Statement by Health Minister Robin Swann on Independent Neurology Inquiry Report

“My thoughts today are very much with all the patients and families affected by the neurology recall.

“Once again, on behalf of the entire health service, I extend my heartfelt apologies to all those who have been so badly let down.

“I fully appreciate that this is a harrowing day for patients and families, and that it will exacerbate the trauma already experienced.

“I want to thank the Inquiry Chair Brett Lockhart QC, Inquiry Co-Panellist Professor Hugo Mascie-Taylor, and their wider team for their vitally important work.

“The Inquiry Panel’s report is extensive and detailed. I will ensure it is given the careful and measured consideration that it deserves.  I am determined that this analysis should happen as quickly as possible.  I undertake to provide a full response to the Report’s recommendations, as soon as is practicable.

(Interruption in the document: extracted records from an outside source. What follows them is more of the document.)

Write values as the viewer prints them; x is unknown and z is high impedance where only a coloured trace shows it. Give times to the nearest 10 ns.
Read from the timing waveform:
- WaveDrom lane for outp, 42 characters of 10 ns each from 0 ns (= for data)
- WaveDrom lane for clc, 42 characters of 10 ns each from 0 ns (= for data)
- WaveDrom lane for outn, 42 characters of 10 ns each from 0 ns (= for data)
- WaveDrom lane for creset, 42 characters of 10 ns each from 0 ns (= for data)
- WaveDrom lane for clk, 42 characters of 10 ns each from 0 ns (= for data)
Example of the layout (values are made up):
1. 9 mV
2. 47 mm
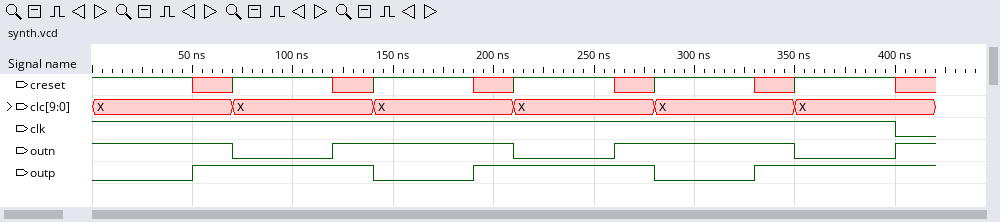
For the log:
1. {name: 'outp', wave: '0....1........0....1........0....1........'}
2. {name: 'clc', wave: '=......=......=......=......=......=......', data: 'X X X X X X'}
3. {name: 'outn', wave: '1......0....1........0....1........0....1.'}
4. {name: 'creset', wave: '1....x.1....x.1....x.1....x.1....x.1....x.'}
5. {name: 'clk', wave: '1.......................................0.'}
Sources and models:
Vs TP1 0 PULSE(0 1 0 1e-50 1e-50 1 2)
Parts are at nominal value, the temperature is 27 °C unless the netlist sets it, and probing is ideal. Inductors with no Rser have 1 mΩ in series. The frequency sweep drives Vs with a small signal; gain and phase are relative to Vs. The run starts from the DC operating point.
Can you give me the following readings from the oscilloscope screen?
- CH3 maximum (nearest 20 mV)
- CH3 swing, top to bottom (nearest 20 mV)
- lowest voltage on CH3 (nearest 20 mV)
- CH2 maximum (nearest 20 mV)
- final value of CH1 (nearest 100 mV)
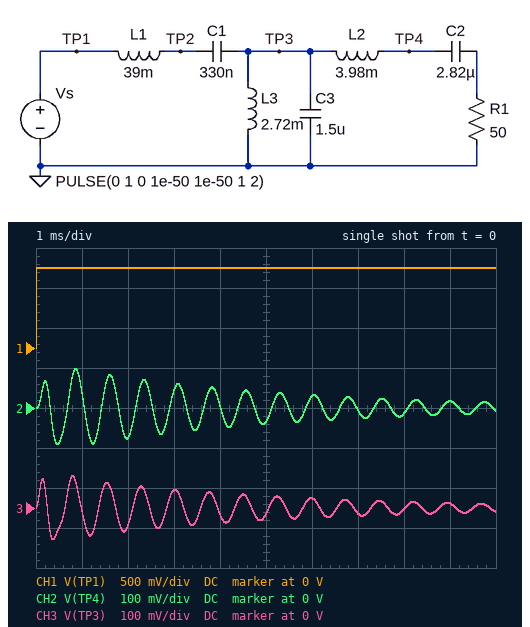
80 mV
160 mV
-80 mV
100 mV
1.0 V
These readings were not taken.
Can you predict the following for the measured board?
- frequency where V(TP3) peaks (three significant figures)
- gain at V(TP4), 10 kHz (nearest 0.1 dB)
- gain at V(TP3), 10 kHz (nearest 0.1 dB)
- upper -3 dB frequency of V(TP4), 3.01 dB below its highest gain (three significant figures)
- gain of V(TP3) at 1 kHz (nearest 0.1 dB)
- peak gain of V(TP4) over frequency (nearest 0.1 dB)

1.35 kHz
-60.0 dB
-46.1 dB
1.39 kHz
-19.2 dB
6.9 dB
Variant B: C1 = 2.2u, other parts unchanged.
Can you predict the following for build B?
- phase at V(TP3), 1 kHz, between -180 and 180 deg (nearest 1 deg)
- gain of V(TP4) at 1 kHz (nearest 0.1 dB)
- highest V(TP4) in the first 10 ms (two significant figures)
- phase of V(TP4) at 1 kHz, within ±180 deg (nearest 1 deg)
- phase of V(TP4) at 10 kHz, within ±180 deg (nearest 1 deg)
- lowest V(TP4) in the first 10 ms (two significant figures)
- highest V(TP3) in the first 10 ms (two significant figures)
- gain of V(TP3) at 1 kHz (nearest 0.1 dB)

-17 deg
-16.3 dB
94 mV
-34 deg
96 deg
-84 mV
91 mV
-18.4 dB
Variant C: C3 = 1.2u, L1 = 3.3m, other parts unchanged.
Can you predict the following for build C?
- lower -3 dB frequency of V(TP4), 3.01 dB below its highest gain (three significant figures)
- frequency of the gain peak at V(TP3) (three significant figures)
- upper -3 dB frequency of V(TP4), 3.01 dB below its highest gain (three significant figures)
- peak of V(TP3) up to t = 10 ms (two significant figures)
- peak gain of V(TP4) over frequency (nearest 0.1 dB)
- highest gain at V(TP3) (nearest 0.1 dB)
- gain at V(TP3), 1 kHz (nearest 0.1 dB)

5.72 kHz
5.79 kHz
5.86 kHz
290 mV
12.0 dB
21.0 dB
-25.8 dB
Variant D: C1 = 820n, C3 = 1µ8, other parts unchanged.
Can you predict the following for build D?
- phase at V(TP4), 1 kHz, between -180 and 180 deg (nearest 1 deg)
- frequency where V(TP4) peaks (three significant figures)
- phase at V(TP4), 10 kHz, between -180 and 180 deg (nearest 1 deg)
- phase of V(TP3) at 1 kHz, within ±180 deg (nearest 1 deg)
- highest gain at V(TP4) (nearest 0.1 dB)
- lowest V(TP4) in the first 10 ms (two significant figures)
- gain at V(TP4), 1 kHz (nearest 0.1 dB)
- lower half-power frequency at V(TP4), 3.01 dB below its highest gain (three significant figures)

-30 deg
851 Hz
96 deg
-14 deg
15.0 dB
-100 mV
-7.5 dB
843 Hz
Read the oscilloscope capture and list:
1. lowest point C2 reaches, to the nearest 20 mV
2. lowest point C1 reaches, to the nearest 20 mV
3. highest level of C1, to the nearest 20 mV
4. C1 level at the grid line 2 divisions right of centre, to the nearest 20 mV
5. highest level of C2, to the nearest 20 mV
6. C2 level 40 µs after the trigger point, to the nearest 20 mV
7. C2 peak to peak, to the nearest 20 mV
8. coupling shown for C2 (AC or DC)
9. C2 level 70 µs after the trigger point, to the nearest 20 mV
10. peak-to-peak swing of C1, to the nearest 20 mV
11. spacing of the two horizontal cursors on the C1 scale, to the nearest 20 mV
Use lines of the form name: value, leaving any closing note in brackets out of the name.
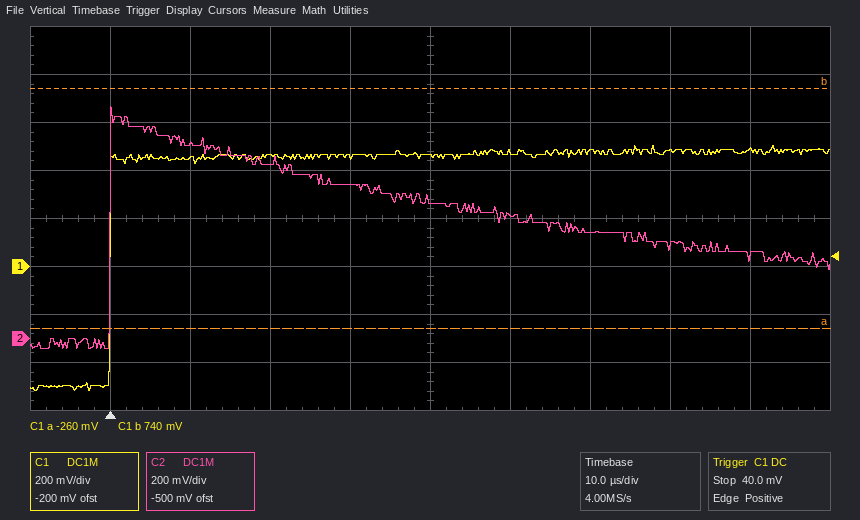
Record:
lowest point C2 reaches, to the nearest 20 mV: -40 mV
lowest point C1 reaches, to the nearest 20 mV: -520 mV
highest level of C1, to the nearest 20 mV: 500 mV
C1 level at the grid line 2 divisions right of centre, to the nearest 20 mV: 480 mV
highest level of C2, to the nearest 20 mV: 960 mV
C2 level 40 µs after the trigger point, to the nearest 20 mV: 580 mV
C2 peak to peak, to the nearest 20 mV: 1.00 V
coupling shown for C2: DC
C2 level 70 µs after the trigger point, to the nearest 20 mV: 380 mV
peak-to-peak swing of C1, to the nearest 20 mV: 1.02 V
spacing of the two horizontal cursors on the C1 scale, to the nearest 20 mV: 1.00 V
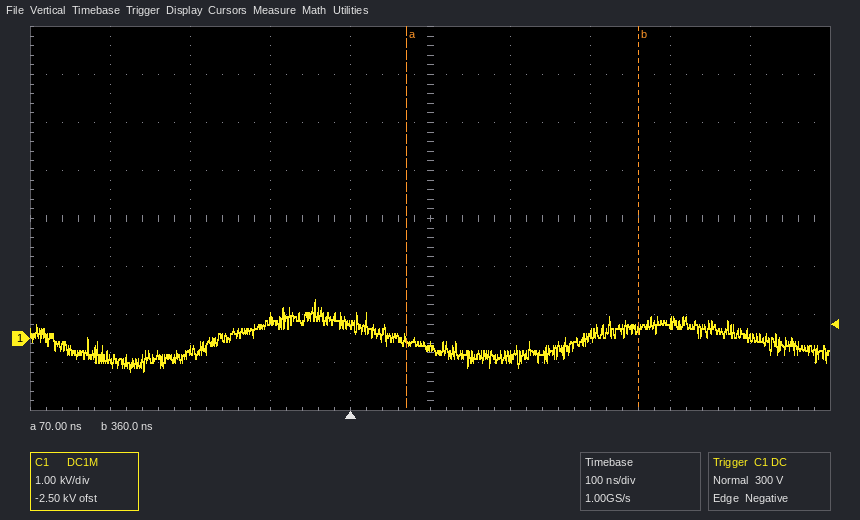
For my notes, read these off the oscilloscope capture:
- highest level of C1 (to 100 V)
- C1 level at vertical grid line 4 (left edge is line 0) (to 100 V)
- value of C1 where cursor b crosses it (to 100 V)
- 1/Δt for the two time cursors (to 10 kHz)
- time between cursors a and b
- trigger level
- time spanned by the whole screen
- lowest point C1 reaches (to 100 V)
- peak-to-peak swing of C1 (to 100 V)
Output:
800 V
300 V
200 V
3.45 MHz
290 ns
300 V
1 µs
-700 V
1.5 kV

“Today’s report makes very difficult reading for anyone who cares about health and social care in Northern Ireland. It states that systems and processes in place to assure the public in respect of patient safety prior to November 2016 failed. Crucially, opportunities to intervene in relation to Michael Watt’s practice were missed over a number of years.

“The Inquiry Panel believes that without the then Belfast Trust’s Medical Director’s response in December 2016 to concerns that had been raised, and more particularly in July 2017, there is no guarantee that the problems identified in the recall would have necessarily emerged.

“It is acknowledged in the report that changes have been initiated since the neurology recall to improve patient safety.

“The entire HSC system must continue building on these improvements, guided by the Inquiry Panel’s report.

“While the reputation of our health service has undoubtedly been tarnished, we must also be mindful of the high quality, compassionate care provided every day by dedicated and skilled staff. Thankfully, they are the norm.

“Robust processes and procedures are essential to identify and deal with errant and failing practitioners. This Inquiry Report has relevance right across the HSC and indeed the entire NHS, and I will be sharing its findings with my counterparts in England, Scotland and Wales. It also raises issues about the independent health sector and the GMC.

“Health care is of immense importance and as a result there are invariably very serious consequences when it goes wrong. We must always strive to learn from such cases, and take decisive action to ensure failings do not re-occur.

“That will be the absolute priority for me and for my Department.”